RE: virus: Social Metaphysics

Robin Faichney (r.j.faichney@stir.ac.uk)
Wed, 1 Oct 1997 09:43:27 +0100


> From: David McFadzean[SMTP:david@lucifer.com]
>
> At 12:10 PM 9/30/97 +0100, Robin Faichney wrote:
>
> >The point at which I came into this was when you said
> >that existence and knowledge are totally orthogonal. I
>
> I was only arguing against including knowledge in the
> definition of existence, since that seems to make the
> mind primary. Perhaps I was misinterpreting.
>
And I was arguing that arguments over whether mind
or matter is primary are absolutely unresolvable. If
you incline either way, your philosophical perception
is distorted.

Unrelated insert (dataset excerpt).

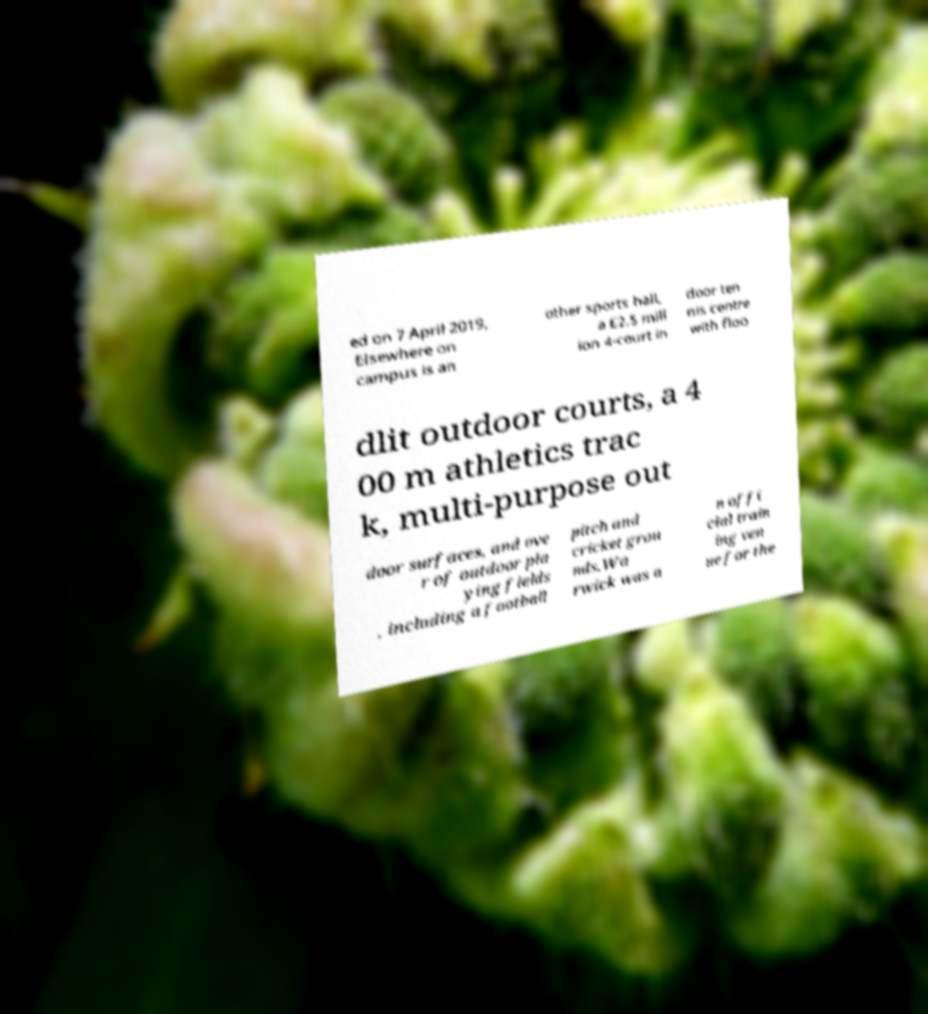For documentation purposes, I need the text within this image transcribed. Could you provide that? ed on 7 April 2019, Elsewhere on campus is an other sports hall, a £2.5 mill ion 4-court in door ten nis centre with floo dlit outdoor courts, a 4 00 m athletics trac k, multi-purpose out door surfaces, and ove r of outdoor pla ying fields , including a football pitch and cricket grou nds.Wa rwick was a n offi cial train ing ven ue for the 
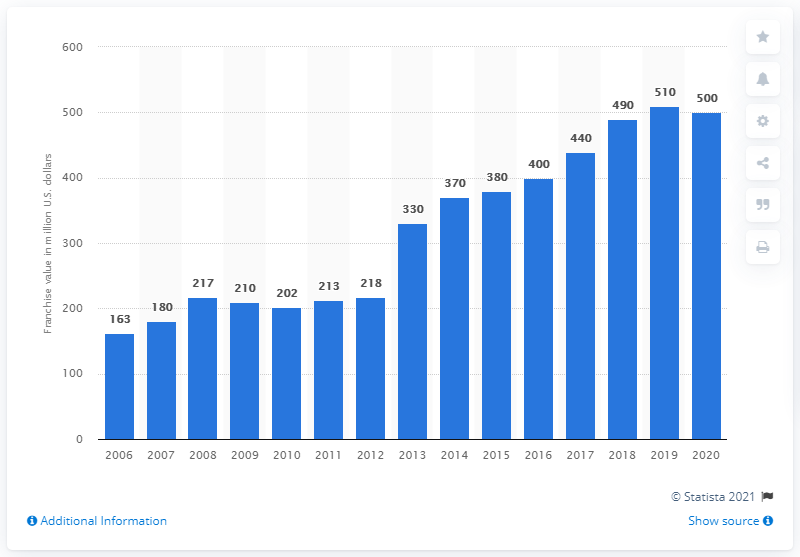Give some essential details in this illustration. The value of the Minnesota Wild franchise in dollars was approximately 500 in 2020.

You are either an objectivist or a
subjectivist, while subject and object are both defined
in terms of the other, are mutually dependent,
absolutely equally fundamental. If you keep your
eyes open, you can see subjectivism vs objectivism
behind a high proportion of the arguments on this list
and in many, many other places. Such arguments
are doomed to go on forever -- or until the
participants learn to see both sides of the coin.

I think, for your edification :-) though there's no
way I could find the time to explain in each case,
I will send a short message labelling each such
controversy I see here, for a while.